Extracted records
######

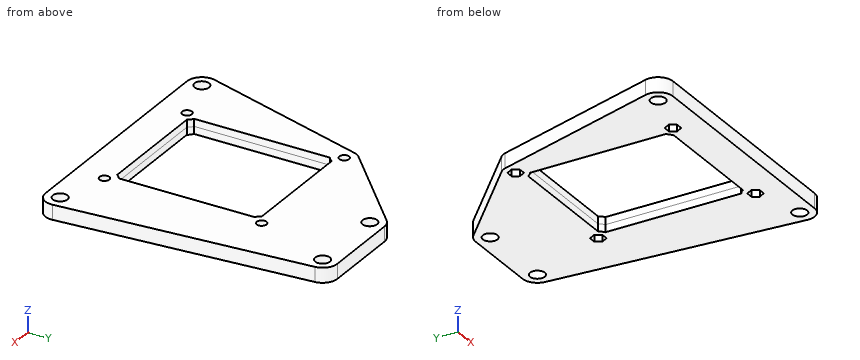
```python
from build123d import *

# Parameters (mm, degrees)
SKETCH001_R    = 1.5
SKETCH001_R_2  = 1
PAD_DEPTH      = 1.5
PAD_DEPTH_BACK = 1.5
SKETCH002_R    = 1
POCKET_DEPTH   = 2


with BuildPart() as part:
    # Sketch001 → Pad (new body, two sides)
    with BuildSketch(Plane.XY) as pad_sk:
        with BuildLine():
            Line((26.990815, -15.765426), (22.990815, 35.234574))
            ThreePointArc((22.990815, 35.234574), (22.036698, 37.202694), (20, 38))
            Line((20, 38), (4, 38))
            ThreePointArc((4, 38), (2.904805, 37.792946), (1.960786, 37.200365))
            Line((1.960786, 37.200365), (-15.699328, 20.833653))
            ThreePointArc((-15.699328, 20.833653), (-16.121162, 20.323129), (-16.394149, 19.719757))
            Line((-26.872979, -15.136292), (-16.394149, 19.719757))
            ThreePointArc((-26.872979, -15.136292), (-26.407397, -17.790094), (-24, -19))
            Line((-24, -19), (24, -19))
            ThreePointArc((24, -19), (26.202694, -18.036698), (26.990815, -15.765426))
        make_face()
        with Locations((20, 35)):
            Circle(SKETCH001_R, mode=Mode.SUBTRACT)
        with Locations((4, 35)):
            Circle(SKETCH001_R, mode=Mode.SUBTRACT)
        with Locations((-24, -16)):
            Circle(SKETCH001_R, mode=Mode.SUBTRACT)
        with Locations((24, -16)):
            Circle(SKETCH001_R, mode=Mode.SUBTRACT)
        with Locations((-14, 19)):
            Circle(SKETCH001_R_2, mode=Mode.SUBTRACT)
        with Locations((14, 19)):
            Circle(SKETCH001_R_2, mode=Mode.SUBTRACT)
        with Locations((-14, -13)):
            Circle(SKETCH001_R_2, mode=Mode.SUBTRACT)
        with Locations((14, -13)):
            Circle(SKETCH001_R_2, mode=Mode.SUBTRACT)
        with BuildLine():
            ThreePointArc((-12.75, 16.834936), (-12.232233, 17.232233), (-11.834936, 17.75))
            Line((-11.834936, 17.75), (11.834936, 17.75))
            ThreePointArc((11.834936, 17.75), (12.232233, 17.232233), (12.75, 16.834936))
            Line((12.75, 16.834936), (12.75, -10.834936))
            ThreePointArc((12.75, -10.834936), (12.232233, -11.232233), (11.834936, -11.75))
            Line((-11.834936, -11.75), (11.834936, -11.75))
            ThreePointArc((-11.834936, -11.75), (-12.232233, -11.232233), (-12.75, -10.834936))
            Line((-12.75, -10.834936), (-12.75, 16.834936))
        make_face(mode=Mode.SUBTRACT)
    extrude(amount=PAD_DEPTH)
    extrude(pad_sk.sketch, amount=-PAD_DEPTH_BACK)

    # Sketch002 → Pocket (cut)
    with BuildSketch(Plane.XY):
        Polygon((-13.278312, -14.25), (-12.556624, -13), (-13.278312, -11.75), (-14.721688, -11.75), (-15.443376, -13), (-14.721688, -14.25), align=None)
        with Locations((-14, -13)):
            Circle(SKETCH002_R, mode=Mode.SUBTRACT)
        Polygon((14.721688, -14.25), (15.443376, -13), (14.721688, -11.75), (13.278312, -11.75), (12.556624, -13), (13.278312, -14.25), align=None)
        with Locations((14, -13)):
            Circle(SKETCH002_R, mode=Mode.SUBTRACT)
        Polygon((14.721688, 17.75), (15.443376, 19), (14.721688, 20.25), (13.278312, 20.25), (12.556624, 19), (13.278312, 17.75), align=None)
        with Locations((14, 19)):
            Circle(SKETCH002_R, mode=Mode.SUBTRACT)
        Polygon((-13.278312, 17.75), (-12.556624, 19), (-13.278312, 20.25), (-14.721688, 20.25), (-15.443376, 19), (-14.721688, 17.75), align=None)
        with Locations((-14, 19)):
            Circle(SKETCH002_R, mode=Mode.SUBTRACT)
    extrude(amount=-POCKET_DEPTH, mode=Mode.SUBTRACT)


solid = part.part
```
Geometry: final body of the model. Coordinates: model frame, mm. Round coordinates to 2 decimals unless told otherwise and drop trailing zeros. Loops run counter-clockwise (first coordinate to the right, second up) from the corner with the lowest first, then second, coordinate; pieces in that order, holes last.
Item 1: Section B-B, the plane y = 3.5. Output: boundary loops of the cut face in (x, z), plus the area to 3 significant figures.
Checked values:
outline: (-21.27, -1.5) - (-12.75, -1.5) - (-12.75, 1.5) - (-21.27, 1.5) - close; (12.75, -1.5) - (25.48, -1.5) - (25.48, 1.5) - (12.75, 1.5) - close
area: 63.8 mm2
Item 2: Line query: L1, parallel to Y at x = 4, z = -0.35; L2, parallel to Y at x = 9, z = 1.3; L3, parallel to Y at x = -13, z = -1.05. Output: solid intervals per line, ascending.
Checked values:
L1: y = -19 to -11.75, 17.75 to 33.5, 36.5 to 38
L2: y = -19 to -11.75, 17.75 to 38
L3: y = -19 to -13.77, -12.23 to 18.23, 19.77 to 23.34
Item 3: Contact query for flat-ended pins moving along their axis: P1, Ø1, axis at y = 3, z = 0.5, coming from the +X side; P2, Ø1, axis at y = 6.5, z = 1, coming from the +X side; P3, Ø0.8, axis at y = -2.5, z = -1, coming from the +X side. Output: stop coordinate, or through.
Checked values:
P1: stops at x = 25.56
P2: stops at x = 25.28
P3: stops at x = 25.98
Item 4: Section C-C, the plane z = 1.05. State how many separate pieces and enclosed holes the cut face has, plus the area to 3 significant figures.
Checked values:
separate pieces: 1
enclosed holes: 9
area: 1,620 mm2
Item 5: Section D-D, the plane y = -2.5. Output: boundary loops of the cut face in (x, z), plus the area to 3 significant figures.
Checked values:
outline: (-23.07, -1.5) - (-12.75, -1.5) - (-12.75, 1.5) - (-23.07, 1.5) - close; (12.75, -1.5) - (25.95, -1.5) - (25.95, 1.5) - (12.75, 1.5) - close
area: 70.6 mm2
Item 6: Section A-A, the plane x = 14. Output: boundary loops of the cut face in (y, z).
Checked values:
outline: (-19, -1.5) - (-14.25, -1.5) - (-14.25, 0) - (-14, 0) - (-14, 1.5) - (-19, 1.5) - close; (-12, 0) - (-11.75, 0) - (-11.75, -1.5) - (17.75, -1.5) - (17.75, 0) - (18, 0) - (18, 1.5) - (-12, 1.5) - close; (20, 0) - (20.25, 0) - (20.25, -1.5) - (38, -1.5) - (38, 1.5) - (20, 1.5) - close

######

Assignment:
Wherever the word "Polygon" occurs in the data, copy that whole line.

Answer box:
        Polygon((-13.278312, -14.25), (-12.556624, -13), (-13.278312, -11.75), (-14.721688, -11.75), (-15.443376, -13), (-14.721688, -14.25), align=None)
        Polygon((14.721688, -14.25), (15.443376, -13), (14.721688, -11.75), (13.278312, -11.75), (12.556624, -13), (13.278312, -14.25), align=None)
        Polygon((14.721688, 17.75), (15.443376, 19), (14.721688, 20.25), (13.278312, 20.25), (12.556624, 19), (13.278312, 17.75), align=None)
        Polygon((-13.278312, 17.75), (-12.556624, 19), (-13.278312, 20.25), (-14.721688, 20.25), (-15.443376, 19), (-14.721688, 17.75), align=None)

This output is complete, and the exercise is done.